[Your instructions] Pictures are to be left out, and every entry repeated exactly.

Stored data entries
^^^^
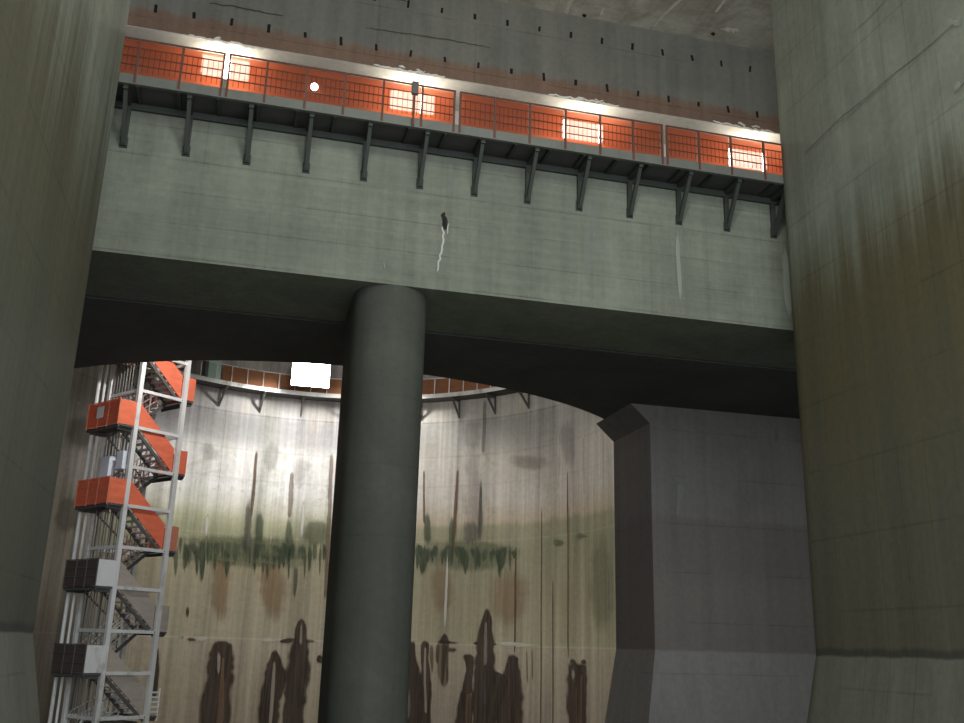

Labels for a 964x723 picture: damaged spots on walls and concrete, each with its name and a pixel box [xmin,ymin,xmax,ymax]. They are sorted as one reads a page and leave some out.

crack [807,26,951,151]
crack [437,212,448,271]
corrosion [430,634,457,683]
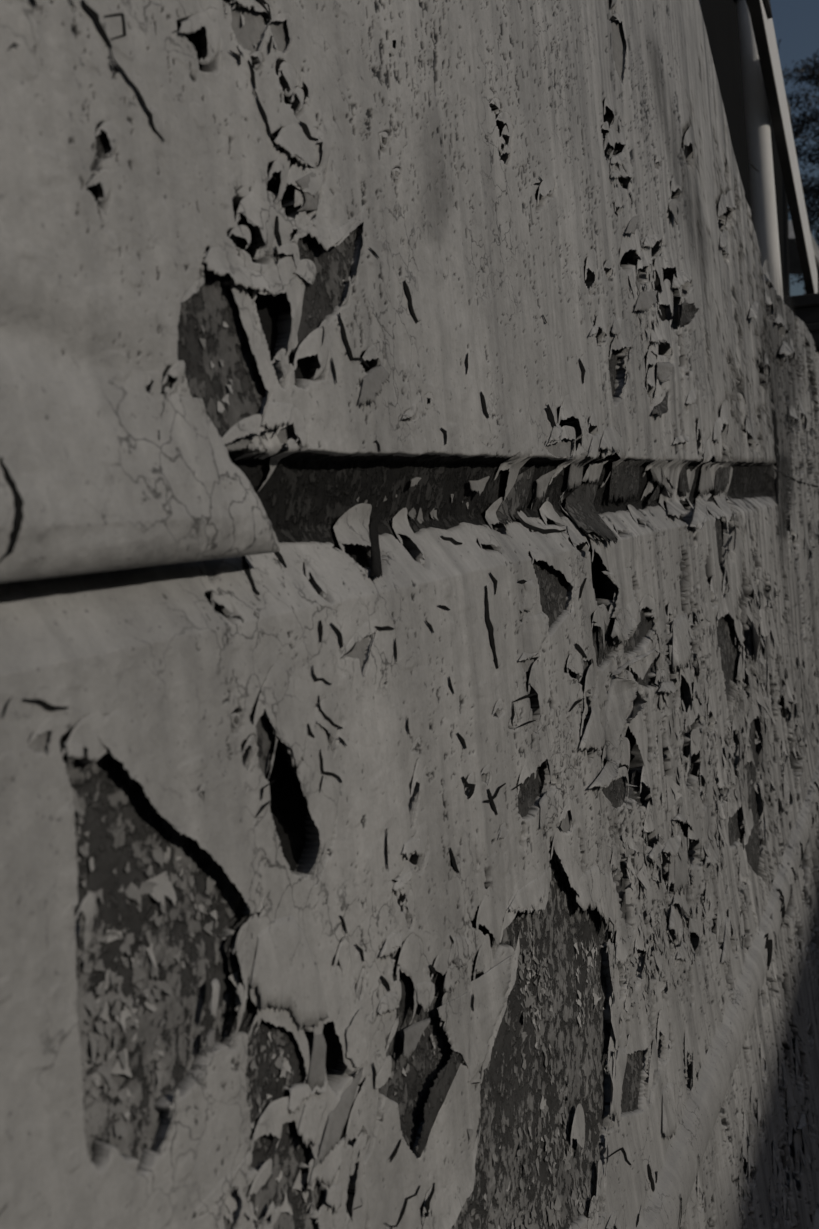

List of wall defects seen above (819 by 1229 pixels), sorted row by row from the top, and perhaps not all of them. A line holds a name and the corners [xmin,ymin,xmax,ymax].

peeling [85,121,119,202]
peeling [489,98,513,164]
peeling [145,0,390,494]
peeling [585,93,699,417]
peeling [716,190,736,258]
peeling [748,260,795,383]
spalling [60,386,819,1229]
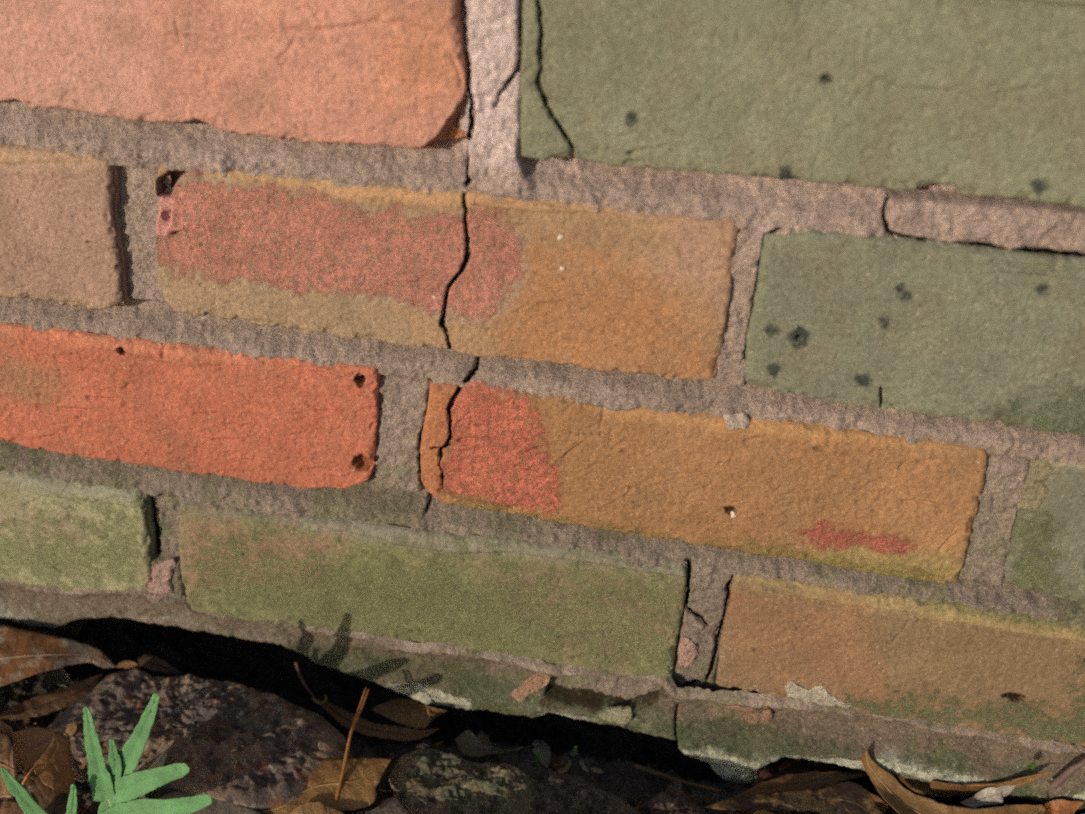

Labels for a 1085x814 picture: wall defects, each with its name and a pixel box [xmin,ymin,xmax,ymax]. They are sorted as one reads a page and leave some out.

crack [440,0,574,349]
crack [882,194,928,241]
crack [956,241,1085,257]
crack [419,356,479,514]
crack [674,558,733,747]
spalling [510,672,667,724]
peeling [724,704,773,725]
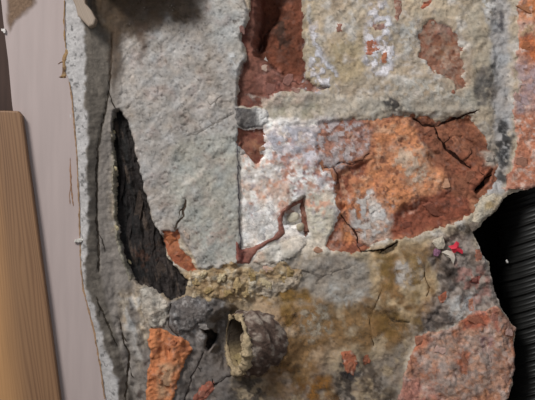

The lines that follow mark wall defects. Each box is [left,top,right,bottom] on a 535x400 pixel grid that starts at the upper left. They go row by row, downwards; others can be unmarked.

flaking render [237,0,329,108]
damp [304,25,338,93]
damp [363,1,421,76]
spalling [503,0,535,192]
flaking render [236,128,266,164]
crack [324,153,369,187]
spalling [313,113,498,254]
crack [413,110,492,191]
crack [340,214,397,254]
damp [396,261,415,283]
crack [96,297,134,400]
spalling [397,298,516,400]
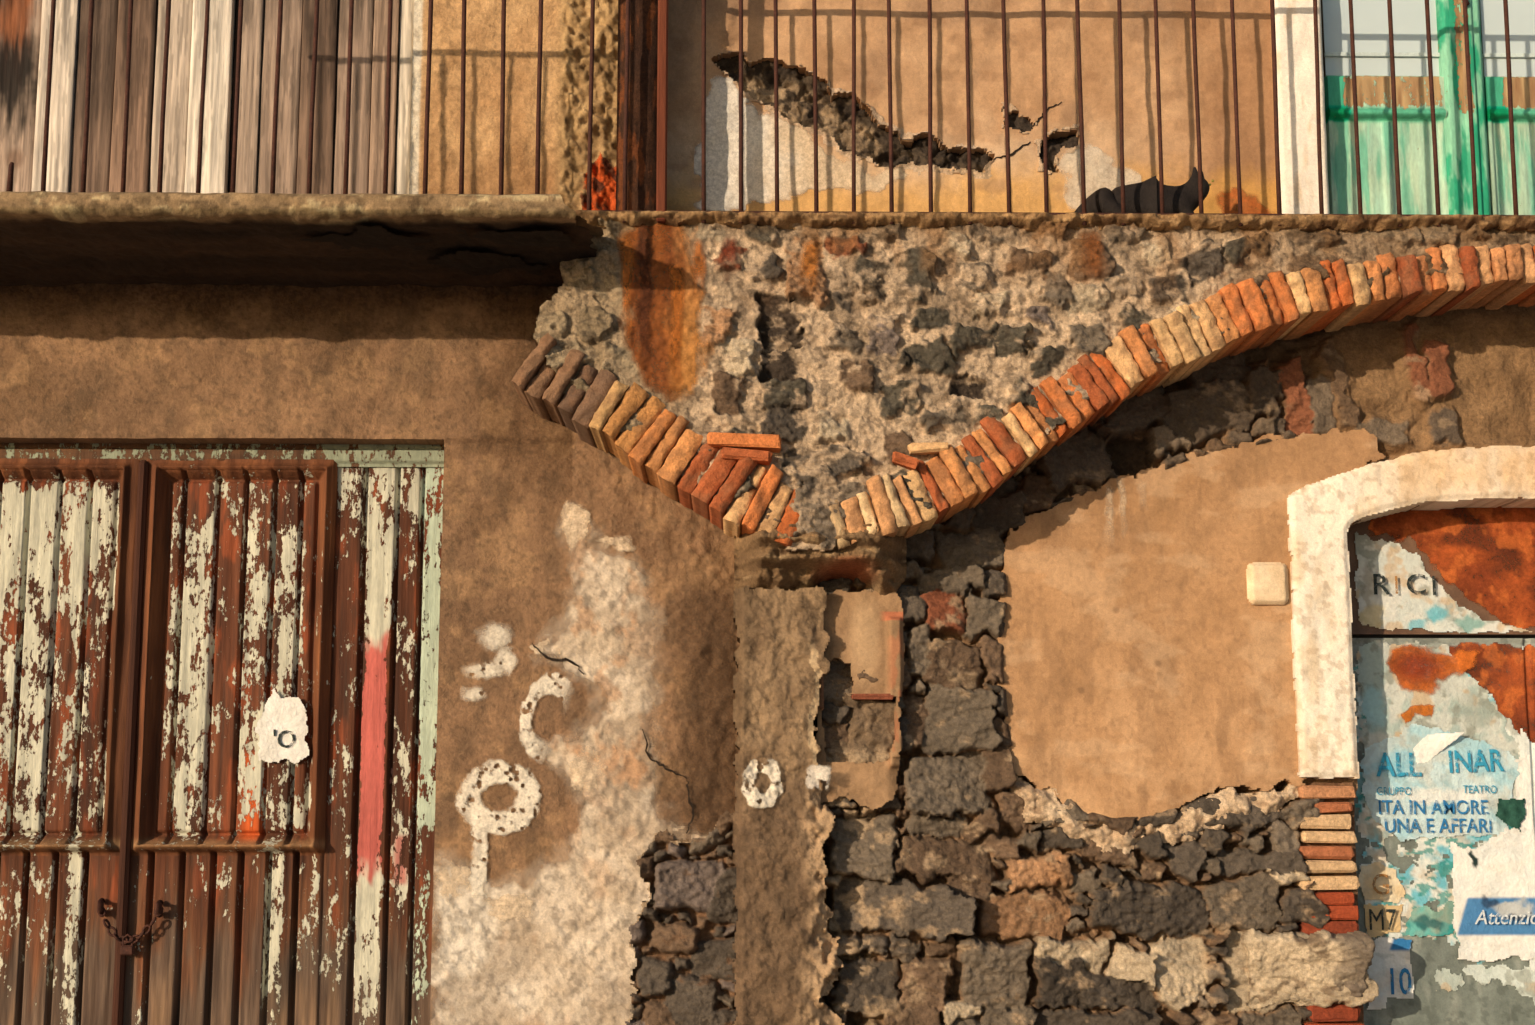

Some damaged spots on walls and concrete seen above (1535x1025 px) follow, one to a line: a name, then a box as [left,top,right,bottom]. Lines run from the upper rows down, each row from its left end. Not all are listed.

peeling [694,51,994,211]
peeling [1001,102,1141,209]
corrosion [618,223,709,397]
corrosion [724,240,735,260]
corrosion [1368,506,1535,743]
flaking render [431,503,738,1025]
crack [642,729,694,834]
flaking render [1009,776,1299,854]
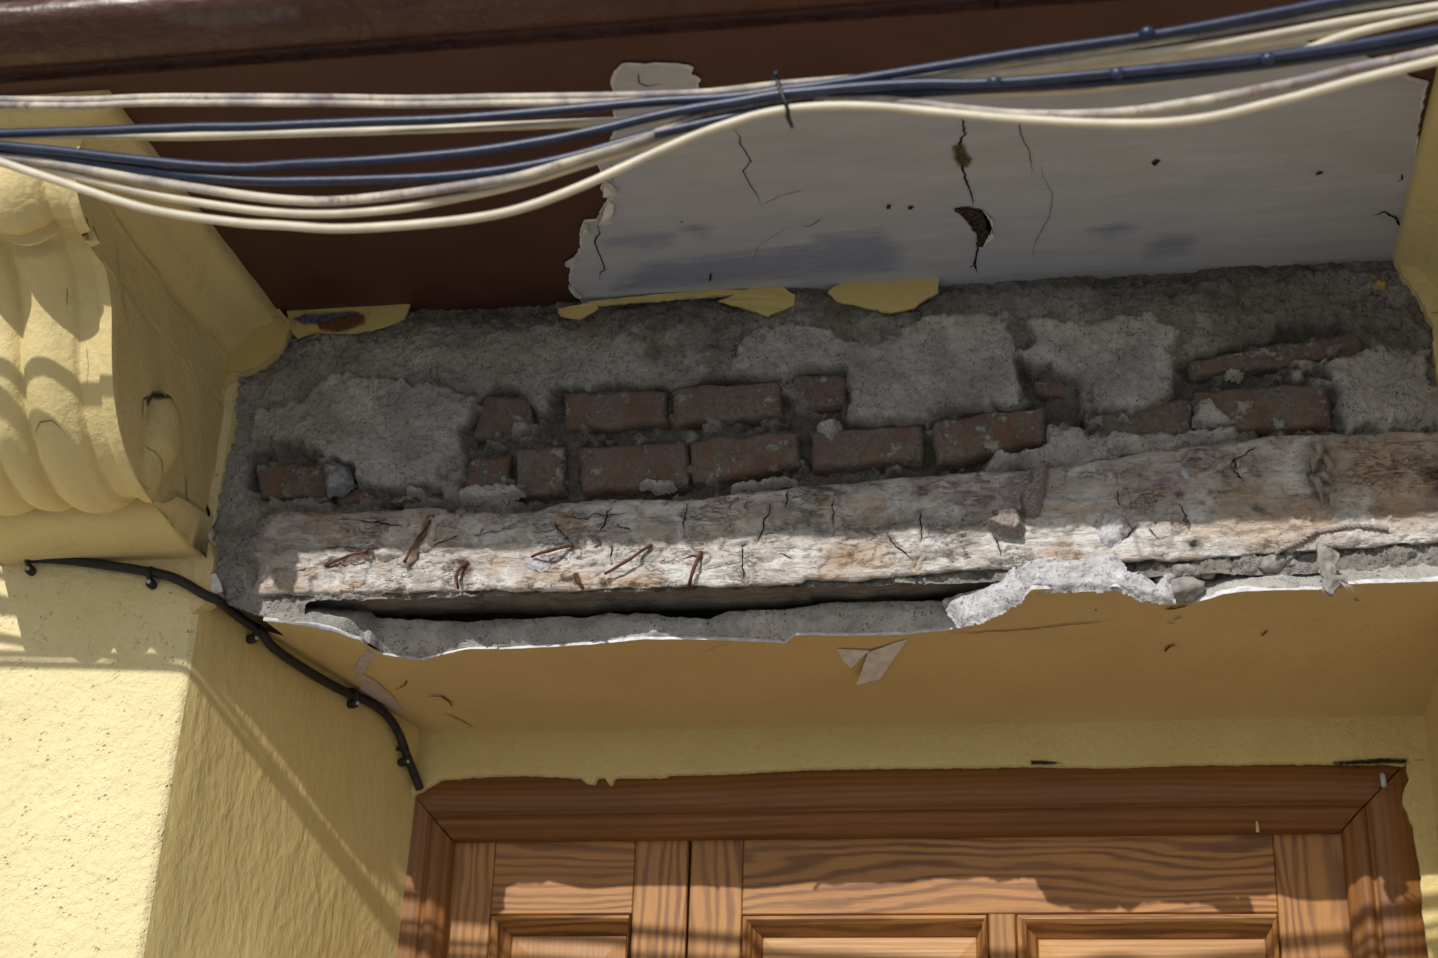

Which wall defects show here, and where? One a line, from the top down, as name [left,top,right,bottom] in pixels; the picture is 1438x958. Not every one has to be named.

crack [958,119,974,206]
rust [318,315,364,332]
spalling [186,56,1438,715]
crack [682,492,792,579]
crack [886,513,922,567]
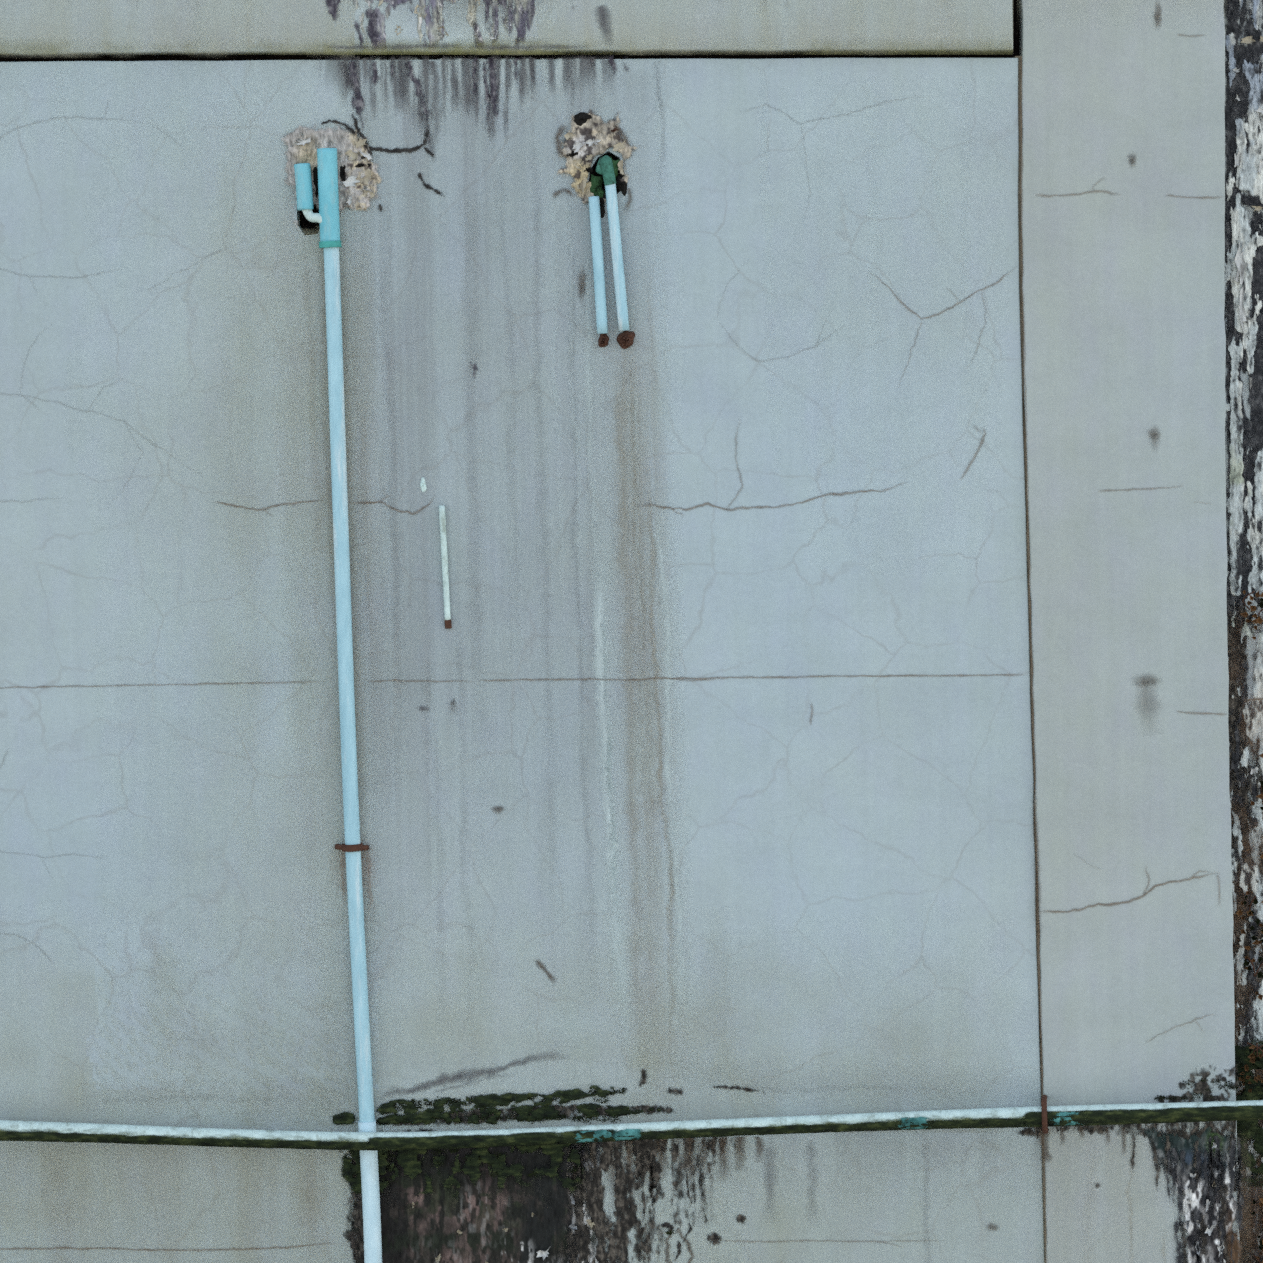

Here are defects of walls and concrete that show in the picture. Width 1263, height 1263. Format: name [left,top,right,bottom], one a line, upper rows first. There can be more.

water stain [341,58,594,146]
spalling [282,119,383,211]
spalling [554,109,636,218]
crack [655,490,875,510]
water stain [1224,0,1263,1047]
peeling [1225,0,1263,1046]
crack [861,672,971,680]
crack [1051,877,1200,912]
spalling [379,1142,612,1263]
water stain [566,1137,762,1263]
crack [1040,1132,1049,1180]
water stain [1019,1120,1263,1263]
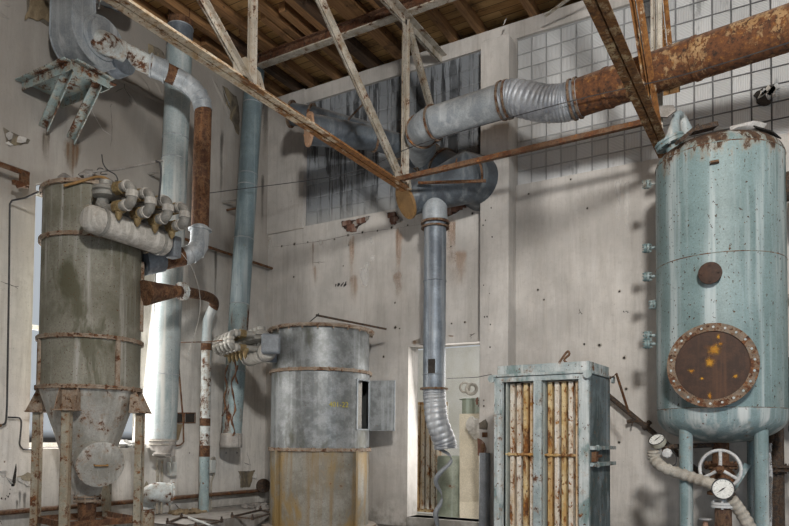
^^^^
[Completed task]
Labels for a 964x723 picture: damaged spots on walls and concrete, each with its name and a pixel box [xmin,ymin,xmax,ymax]. They are sorted as one reads a page and leave some out.

crack [807,26,951,151]
crack [437,212,448,271]
corrosion [430,634,457,683]

List of wall defects seen above (819 by 1229 pixels), sorted row by row from the top, and perhaps not all of them. A line holds a name and the corners [xmin,ymin,xmax,ymax].

peeling [85,121,119,202]
peeling [489,98,513,164]
peeling [145,0,390,494]
peeling [585,93,699,417]
peeling [716,190,736,258]
peeling [748,260,795,383]
spalling [60,386,819,1229]

Labels for a 1085x814 picture: wall defects, each with its name and a pixel box [xmin,ymin,xmax,ymax]. They are sorted as one reads a page and leave some out.

crack [440,0,574,349]
crack [882,194,928,241]
crack [956,241,1085,257]
crack [419,356,479,514]
crack [674,558,733,747]
spalling [510,672,667,724]
peeling [724,704,773,725]

The lines that follow mark wall defects. Each box is [left,top,right,bottom] on a 535x400 pixel grid that starts at the upper left. They go row by row, downwards; others can be unmarked.

flaking render [237,0,329,108]
damp [304,25,338,93]
damp [363,1,421,76]
spalling [503,0,535,192]
flaking render [236,128,266,164]
crack [324,153,369,187]
spalling [313,113,498,254]
crack [413,110,492,191]
crack [340,214,397,254]
damp [396,261,415,283]
crack [96,297,134,400]
spalling [397,298,516,400]

Some damaged spots on walls and concrete seen above (1535x1025 px) follow, one to a line: a name, then a box as [left,top,right,bottom]. Lines run from the upper rows down, each row from its left end. Not all are listed.

peeling [694,51,994,211]
peeling [1001,102,1141,209]
corrosion [618,223,709,397]
corrosion [724,240,735,260]
corrosion [1368,506,1535,743]
flaking render [431,503,738,1025]
crack [642,729,694,834]
flaking render [1009,776,1299,854]

Which wall defects show here, and where? One a line, from the top down, as name [left,top,right,bottom] in pixels; the picture is 1438x958. Not every one has to be named.

crack [958,119,974,206]
rust [318,315,364,332]
spalling [186,56,1438,715]
crack [682,492,792,579]
crack [886,513,922,567]

Here are defects of walls and concrete that show in the picture. Width 1263, height 1263. Format: name [left,top,right,bottom], one a line, upper rows first. There can be more.

water stain [341,58,594,146]
spalling [282,119,383,211]
spalling [554,109,636,218]
crack [655,490,875,510]
water stain [1224,0,1263,1047]
peeling [1225,0,1263,1046]
crack [861,672,971,680]
crack [1051,877,1200,912]
spalling [379,1142,612,1263]
water stain [566,1137,762,1263]
crack [1040,1132,1049,1180]
water stain [1019,1120,1263,1263]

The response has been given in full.